STORED DATA:
▼▼▼

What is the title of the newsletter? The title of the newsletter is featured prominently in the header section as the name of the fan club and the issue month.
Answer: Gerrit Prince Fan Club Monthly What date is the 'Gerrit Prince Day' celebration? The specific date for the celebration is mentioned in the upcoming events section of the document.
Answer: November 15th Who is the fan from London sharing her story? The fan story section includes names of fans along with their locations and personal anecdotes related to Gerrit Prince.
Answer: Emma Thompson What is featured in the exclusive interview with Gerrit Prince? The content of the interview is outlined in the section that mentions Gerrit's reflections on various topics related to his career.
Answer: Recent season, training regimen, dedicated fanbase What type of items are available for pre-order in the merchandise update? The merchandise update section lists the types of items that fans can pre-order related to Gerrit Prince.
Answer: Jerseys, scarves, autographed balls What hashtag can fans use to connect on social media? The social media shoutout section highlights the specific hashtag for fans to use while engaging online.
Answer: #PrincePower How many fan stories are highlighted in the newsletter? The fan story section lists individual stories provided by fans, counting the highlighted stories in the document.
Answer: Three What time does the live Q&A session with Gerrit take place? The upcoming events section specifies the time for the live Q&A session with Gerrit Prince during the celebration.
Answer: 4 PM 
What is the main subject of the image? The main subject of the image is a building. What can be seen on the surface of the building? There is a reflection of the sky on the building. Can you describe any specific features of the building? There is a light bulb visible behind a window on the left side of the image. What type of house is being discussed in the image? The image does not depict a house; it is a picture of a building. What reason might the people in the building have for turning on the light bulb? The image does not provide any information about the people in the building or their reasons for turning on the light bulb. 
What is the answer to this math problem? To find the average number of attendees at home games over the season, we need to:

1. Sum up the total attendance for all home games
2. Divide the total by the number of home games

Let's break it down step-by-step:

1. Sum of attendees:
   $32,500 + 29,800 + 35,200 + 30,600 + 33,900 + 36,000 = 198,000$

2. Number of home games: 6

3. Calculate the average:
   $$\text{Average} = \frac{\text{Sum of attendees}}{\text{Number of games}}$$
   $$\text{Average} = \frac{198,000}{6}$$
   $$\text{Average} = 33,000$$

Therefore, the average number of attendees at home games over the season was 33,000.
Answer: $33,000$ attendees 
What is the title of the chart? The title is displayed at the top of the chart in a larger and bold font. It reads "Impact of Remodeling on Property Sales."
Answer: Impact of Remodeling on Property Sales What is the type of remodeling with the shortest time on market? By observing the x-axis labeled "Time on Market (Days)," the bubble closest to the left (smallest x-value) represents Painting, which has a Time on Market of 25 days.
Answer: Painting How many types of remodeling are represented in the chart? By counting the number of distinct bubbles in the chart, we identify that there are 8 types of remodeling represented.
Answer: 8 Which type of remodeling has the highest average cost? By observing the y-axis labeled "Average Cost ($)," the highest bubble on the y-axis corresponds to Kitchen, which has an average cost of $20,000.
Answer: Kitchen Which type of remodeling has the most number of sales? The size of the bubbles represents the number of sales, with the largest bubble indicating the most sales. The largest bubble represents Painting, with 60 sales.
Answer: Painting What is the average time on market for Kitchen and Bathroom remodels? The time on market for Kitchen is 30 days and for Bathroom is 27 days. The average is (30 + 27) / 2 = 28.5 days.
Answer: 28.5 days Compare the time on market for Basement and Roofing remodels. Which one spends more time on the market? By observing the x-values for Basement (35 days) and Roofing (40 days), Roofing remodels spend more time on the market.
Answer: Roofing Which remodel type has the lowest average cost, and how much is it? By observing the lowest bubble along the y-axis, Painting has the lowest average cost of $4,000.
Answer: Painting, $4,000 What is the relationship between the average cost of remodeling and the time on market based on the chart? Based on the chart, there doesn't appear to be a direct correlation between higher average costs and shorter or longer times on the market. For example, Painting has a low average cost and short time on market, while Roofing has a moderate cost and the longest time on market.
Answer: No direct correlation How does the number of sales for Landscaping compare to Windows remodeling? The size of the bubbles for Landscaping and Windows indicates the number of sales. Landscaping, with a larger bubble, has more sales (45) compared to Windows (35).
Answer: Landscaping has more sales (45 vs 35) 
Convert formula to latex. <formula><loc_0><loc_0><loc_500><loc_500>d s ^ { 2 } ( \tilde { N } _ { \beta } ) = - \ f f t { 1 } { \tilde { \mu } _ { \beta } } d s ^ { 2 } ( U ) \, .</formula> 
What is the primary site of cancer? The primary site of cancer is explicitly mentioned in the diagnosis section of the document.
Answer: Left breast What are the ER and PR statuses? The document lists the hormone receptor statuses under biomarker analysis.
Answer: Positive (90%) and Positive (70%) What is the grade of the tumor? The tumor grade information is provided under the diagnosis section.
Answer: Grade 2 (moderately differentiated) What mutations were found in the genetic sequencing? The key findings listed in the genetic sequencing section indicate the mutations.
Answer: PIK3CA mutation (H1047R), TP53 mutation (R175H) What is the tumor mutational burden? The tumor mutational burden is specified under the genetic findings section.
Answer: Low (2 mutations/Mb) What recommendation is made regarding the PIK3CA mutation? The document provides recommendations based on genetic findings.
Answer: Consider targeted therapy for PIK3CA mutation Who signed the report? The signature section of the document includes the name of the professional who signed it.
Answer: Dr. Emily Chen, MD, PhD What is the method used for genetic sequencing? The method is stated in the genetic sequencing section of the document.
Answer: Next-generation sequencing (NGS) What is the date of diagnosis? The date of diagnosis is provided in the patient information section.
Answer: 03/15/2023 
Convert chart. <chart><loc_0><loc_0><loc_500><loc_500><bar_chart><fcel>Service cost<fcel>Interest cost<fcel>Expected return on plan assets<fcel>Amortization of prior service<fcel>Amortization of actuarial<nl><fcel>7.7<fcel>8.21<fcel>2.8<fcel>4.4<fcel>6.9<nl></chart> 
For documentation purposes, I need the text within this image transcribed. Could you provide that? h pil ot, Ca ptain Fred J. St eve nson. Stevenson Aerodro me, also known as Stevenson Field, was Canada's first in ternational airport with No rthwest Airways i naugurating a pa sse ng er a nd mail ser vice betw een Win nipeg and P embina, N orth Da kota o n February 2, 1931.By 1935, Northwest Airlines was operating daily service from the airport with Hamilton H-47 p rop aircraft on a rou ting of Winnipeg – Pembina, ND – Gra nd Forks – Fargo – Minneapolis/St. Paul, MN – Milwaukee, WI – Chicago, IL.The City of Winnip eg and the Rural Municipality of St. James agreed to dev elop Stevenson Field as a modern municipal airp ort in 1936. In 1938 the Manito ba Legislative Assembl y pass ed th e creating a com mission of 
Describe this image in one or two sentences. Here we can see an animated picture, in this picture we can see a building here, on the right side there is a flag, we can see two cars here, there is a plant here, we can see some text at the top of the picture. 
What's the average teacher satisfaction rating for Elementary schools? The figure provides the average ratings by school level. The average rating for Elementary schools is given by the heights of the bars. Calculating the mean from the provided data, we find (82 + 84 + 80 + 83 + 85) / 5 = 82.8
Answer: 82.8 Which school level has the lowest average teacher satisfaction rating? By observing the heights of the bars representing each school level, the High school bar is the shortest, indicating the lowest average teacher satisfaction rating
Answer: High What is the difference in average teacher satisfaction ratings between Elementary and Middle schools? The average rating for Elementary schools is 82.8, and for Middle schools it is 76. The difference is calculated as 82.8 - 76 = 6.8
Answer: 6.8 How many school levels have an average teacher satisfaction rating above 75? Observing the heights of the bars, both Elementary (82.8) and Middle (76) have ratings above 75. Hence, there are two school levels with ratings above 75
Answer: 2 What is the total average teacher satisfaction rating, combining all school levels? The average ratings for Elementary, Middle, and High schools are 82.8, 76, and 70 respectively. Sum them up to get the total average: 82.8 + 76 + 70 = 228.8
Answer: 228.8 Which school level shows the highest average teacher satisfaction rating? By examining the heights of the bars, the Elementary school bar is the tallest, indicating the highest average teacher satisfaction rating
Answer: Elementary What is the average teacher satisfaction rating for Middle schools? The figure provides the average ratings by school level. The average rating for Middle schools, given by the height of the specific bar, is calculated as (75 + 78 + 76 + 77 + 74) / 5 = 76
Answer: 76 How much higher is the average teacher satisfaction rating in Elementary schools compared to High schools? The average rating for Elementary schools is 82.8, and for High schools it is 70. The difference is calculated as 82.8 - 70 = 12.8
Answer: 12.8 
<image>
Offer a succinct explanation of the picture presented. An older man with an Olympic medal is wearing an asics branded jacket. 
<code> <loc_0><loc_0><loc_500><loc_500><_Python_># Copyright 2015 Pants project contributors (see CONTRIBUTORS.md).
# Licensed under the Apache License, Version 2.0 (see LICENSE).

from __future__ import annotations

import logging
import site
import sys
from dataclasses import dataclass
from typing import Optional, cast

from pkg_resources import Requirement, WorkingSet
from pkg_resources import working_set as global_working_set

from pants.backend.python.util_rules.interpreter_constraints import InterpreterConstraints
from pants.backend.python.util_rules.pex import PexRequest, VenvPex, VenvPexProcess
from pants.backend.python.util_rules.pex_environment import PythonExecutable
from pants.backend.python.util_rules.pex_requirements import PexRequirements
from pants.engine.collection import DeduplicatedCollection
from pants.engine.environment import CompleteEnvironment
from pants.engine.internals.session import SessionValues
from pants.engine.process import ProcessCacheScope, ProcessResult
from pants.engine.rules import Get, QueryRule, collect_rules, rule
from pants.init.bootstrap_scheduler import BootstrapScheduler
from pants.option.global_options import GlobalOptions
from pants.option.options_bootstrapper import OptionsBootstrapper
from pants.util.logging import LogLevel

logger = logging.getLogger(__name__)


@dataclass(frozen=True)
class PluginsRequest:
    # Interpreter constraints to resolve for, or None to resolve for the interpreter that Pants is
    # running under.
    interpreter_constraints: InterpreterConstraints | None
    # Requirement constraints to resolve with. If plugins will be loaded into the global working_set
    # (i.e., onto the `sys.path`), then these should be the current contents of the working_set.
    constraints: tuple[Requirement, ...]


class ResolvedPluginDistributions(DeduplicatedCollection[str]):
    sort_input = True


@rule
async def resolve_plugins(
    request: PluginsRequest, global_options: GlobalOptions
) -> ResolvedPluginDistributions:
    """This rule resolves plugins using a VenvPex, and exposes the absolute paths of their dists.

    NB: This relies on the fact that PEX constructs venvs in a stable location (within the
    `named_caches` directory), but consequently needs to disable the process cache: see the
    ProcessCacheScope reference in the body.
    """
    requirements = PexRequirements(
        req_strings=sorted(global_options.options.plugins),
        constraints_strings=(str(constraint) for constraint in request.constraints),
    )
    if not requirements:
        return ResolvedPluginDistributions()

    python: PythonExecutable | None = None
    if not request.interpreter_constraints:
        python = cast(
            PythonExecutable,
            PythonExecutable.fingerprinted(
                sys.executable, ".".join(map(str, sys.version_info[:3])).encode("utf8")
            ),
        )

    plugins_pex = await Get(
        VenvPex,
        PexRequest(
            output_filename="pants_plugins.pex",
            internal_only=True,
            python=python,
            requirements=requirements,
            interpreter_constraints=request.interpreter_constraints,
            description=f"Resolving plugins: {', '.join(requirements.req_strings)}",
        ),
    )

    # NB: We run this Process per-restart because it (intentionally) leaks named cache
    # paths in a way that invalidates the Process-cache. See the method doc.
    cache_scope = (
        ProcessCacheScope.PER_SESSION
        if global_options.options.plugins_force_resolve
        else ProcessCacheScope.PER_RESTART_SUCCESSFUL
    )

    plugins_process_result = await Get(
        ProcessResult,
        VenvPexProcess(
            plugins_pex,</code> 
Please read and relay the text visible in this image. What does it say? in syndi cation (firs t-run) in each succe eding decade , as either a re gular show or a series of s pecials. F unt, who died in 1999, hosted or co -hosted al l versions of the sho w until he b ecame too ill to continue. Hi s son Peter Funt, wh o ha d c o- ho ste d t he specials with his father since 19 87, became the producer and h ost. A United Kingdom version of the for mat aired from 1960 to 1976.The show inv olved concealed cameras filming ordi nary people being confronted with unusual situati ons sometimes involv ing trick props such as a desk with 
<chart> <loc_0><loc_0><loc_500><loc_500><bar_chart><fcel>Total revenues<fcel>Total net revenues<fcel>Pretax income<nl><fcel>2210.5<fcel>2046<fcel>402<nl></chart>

▲▲▲

ASSIGNED TASK: Keeping every character as it is, restate the lines above that run from the line with "2. Divide the" through the line with "Therefore, the average", both included, and nothing else.

EXERCISE OUTPUT:
2. Divide the total by the number of home games

Let's break it down step-by-step:

1. Sum of attendees:
   $32,500 + 29,800 + 35,200 + 30,600 + 33,900 + 36,000 = 198,000$

2. Number of home games: 6

3. Calculate the average:
   $$\text{Average} = \frac{\text{Sum of attendees}}{\text{Number of games}}$$
   $$\text{Average} = \frac{198,000}{6}$$
   $$\text{Average} = 33,000$$

Therefore, the average number of attendees at home games over the season was 33,000.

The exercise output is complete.